Но простите мне, мой читатель, если я так далеко отвлек вас от главного предмета. Мне следует еще досказать вам мою простонародную повесть. К общему нашему удовольствию, я на этот раз не займу вас слишком долго.

Лет десять после происшествий, описанных мною в последней главе, около Петровок и, кажется, даже в самый Петров день, на дороге из Сосновки к площадке, служившей сценой нашему рассказу, можно было встретить одинокого пешехода. С первого взгляда делалось очевидным, что пешеход был бессрочный солдат, возвращавшийся на родину. Легко было также догадаться, что родина его была Ока, потому что, не обращая внимания на знойное солнце, обливавшее его потом, он быстро подвигался вперед, взбегал на все возвышенности и поминутно щурил глаза по направлению к Оке, которая заслонялась еще холмами.

Пешеход этот был Ваня, младший сын покойного рыбака Глеба Савинова. Солдатская шинель и пятнадцать лет, проведенные вне дома, конечно, много изменили его наружность; но при всем том трудно было обознаться: возмужалое, загоревшее лицо его отражало, как и прежде, простоту души, прямизну нрава и какое-то внутреннее достоинство - словом, он представлял все тот же благородный, откровенный, чистый тип славянского племени, который, как мы уже сказали, так часто встречается в нашем простонародье. Светлые, умные, хотя несколько задумчивые глаза Вани смотрели по-прежнему откровенно и приветливо.

Ваня пришел накануне в Сосновку. О смерти отца, матери и приемыша знал он уже давно. Ему известно также было о продаже родных изб и разъединении старших братьев, которые после ссоры неизвестно где проживали. Ему оставалось только проведать о том, живы ли Дуня и дедушка Кондратий. После отца и матери они были для него самыми близкими по сердцу людьми. Дедушка Кондратий все еще жив. Мало того: несмотря на свои восемьдесят девять лет, старик все еще не хотел даром есть хлеб, все еще трудился. Он нанялся в это лето караулить комаревский сад заодно с дочкой. Ваня спешил, следовательно, в Комарево.

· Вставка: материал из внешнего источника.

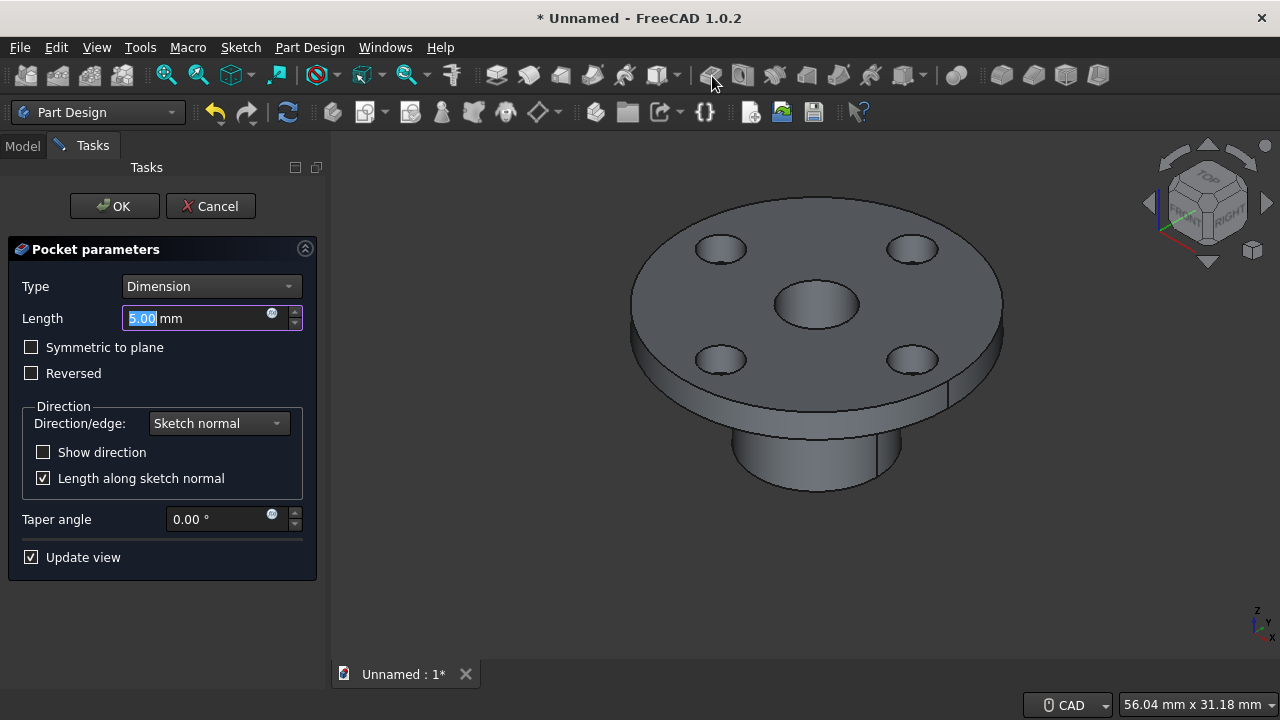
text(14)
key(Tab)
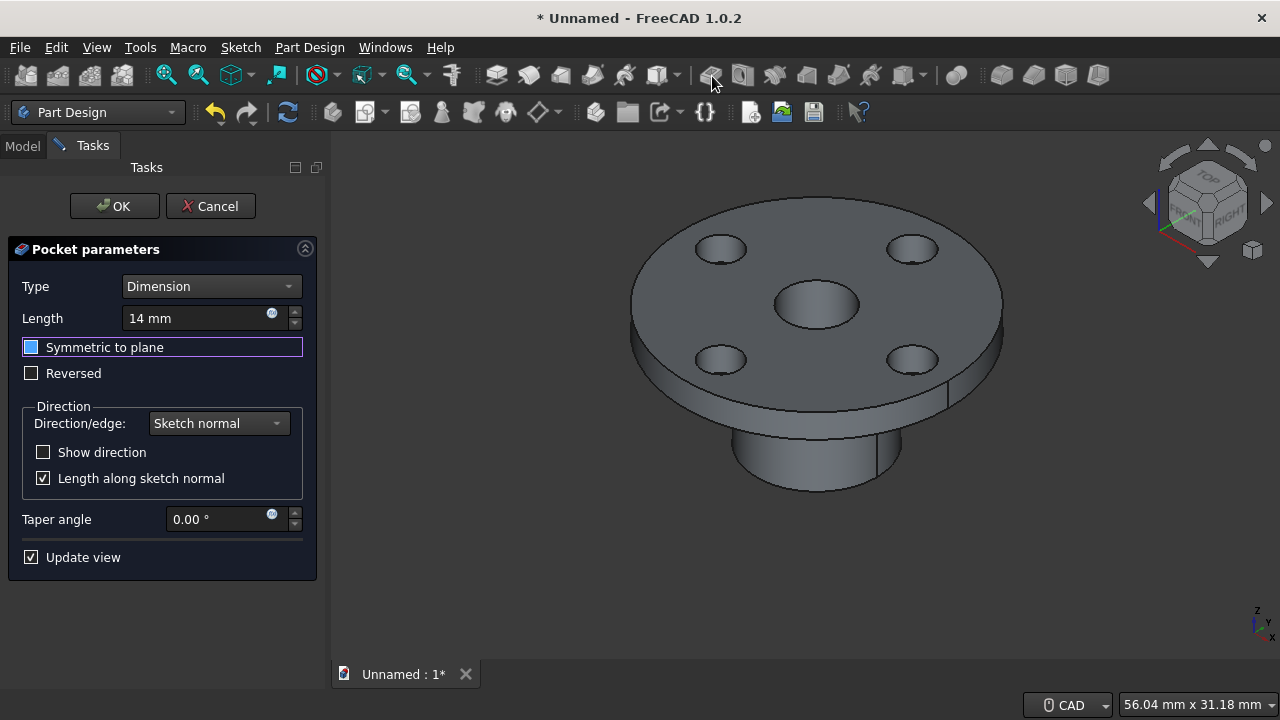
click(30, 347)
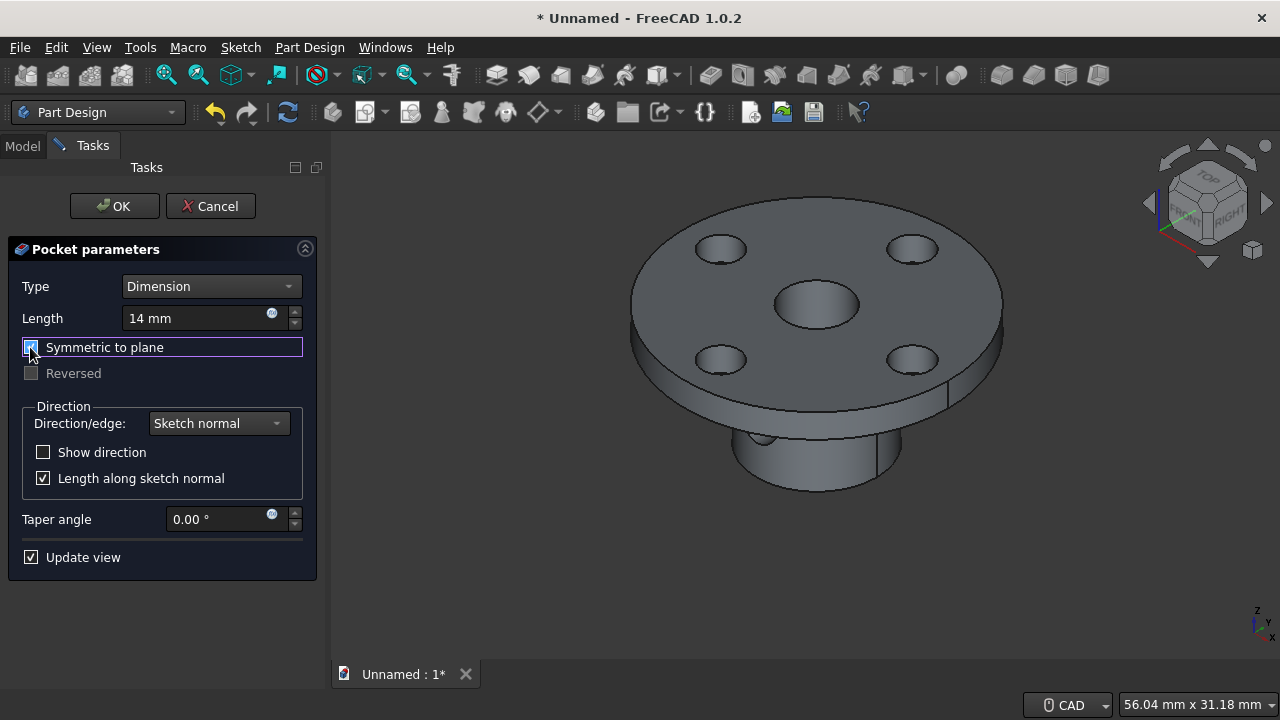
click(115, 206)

По мере приближения к цели сердце его все сильней и сильней сдавливалось тем невыразимо тягостным волнением, какое приводится испытывать каждому в минуты, предшествующие свиданию после долгой разлуки. В поспешности человека, который бежит на свидание самое радостное, заключается, кажется, столько же желания скорее освободиться от этого тягостного волнения, сколько нетерпения обнять близких сердцу.

Вскоре перед ним сверкнуло маленькое озеро, окаймленное, как бахромою, купами ольхи, орешника и ветел. Еще минута, и показалась Ока во всем своем величии; еще шаг, и он очутился на тропинке у берегового углубления, увидел площадку - эту площадку, заменявшую ему целую родину. Каждый предмет, попадавший на глаза, вызывал в душе его дорогие воспоминания. Ваня перешел ручей - свидетель детских игр…

Ручей, вырываясь по-прежнему из-под камней и узловатых корней ветел, огибал светлою журчащею струею огород, избы и, прошумев между булыжником, вливался в Оку подле того места, где когда-то тетушка Анна постукивала вальком. Время не оставило на нем ни малейшего следа, не изменило его на волос, между тем как все изменилось вокруг. Отец покойного Глеба плескался еще в том ручье в ребяческом возрасте; Глеб родился на этом ручье; Глеб умер седым стариком, умерла жена его - ручей все еще бежит тою же светлою, говорливою струею; и нет сомнения, долго еще переживет он детей тех маленьких ребятишек, звонкие голоса которых раздавались теперь на площадке…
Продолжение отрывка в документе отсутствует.